Myostatin is a protein growth factor that regulates muscle growth. It is present in all mammals, but in some particular cattle breeds the regulator is ‘switched off’, or deleted, so muscle can continue to develop unchecked. Not all breeds demonstrate the same variant of the gene and there is also an interaction with other genes that is not the same in all breeds. This complicates the way in which the deletion is expressed, so that not all cattle carrying it are visibly muscled.
All South Devon bulls being registered as pedigree must be DNA tested for myostatin status, which is proving essential to assess the likely mating outcome of a particular sire and dam. The status is reported as: ‘0’ – no myostatin deletion; ‘1’ – one copy inherited from either sire or dam; or ‘2’ – two copies, one inherited from sire and one from dam.
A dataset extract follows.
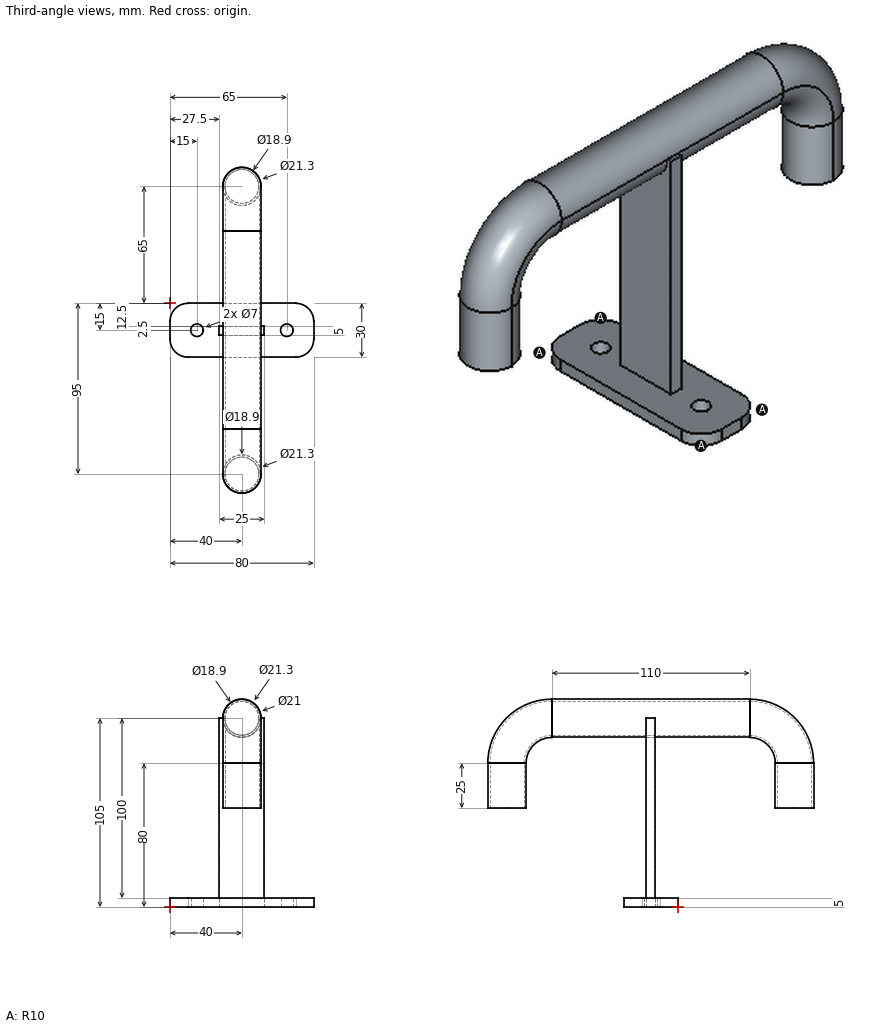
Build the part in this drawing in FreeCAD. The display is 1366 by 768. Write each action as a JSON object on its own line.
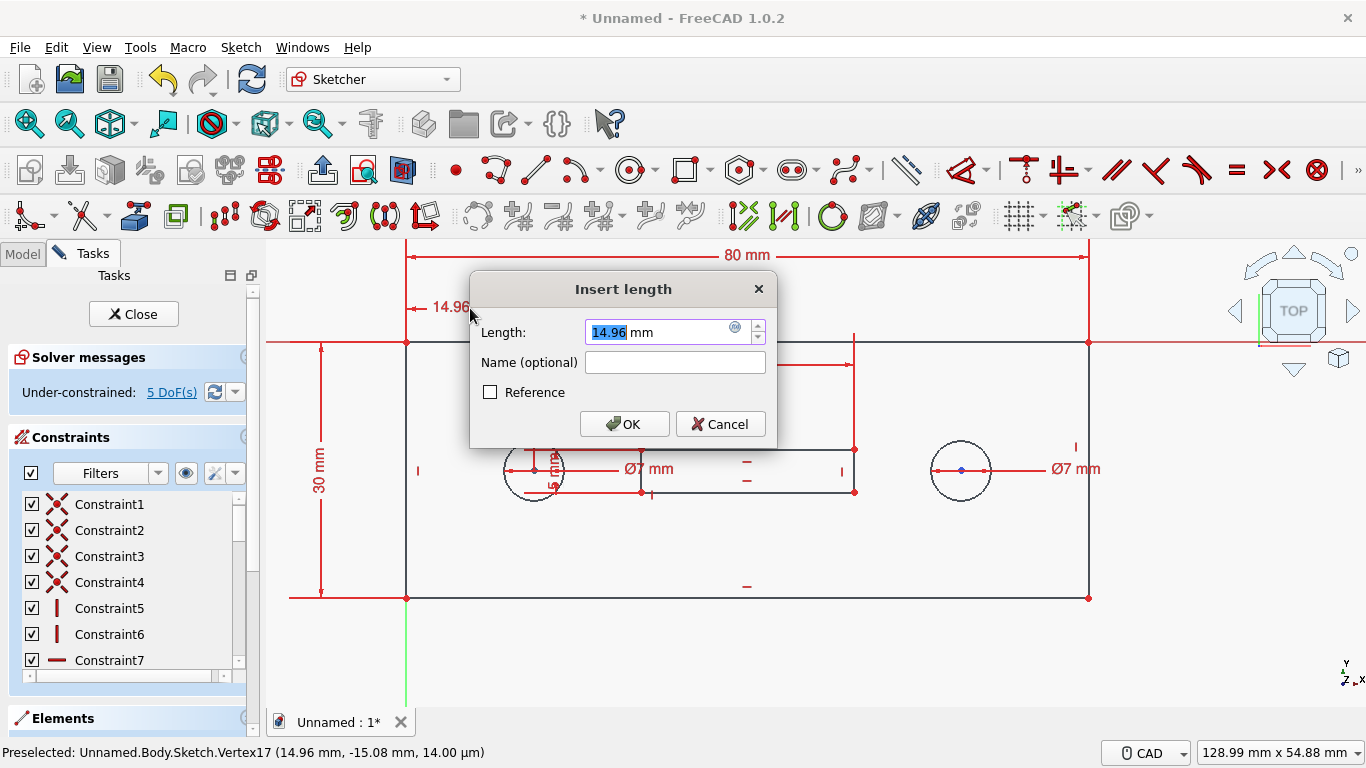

Currently in the UK, Igenity test for nine different myostatin variants. Six of these variants are so-called disruptive, and three are so-called mis-sense. The most common variant in the South Devon is the disruptive ‘nt821’; and also present in some South Devons is the mis-sense ‘F94L’ variant.
Results of a study into the effects of the ‘nt821’ variant by the Roslin Institute (2006) reported little difference in calving score and growth in ‘0’ and ‘1’ status animals. But in animals with two copies of the ‘nt821’ variant, the study showed an increase in birth weight of about 2 kg linked to an association with calving difficulty. In terms of growth animals with two copies of the gene showed a slowdown as they grew older, so that by 36 weeks their weight was about 30 kg lighter than the ‘0’s and ‘1’s. As regards carcase traits, myostatin deletion was associated with an increase in hot carcase weight and conformation score, and a reduction in fat score and taste.
Another study conducted by the University of Adelaide (2008) on the influence of the ‘F94L’ variant reported a 19% increase in carcase prime cuts, an overall 7% increase in beef yield, more tenderness, 20% less intramuscular fat, and 30% less external fat cover. It is significant that the ‘F94L’ variant is not associated with higher birth weights, and research shows that muscle growth happens following birth, not during gestation.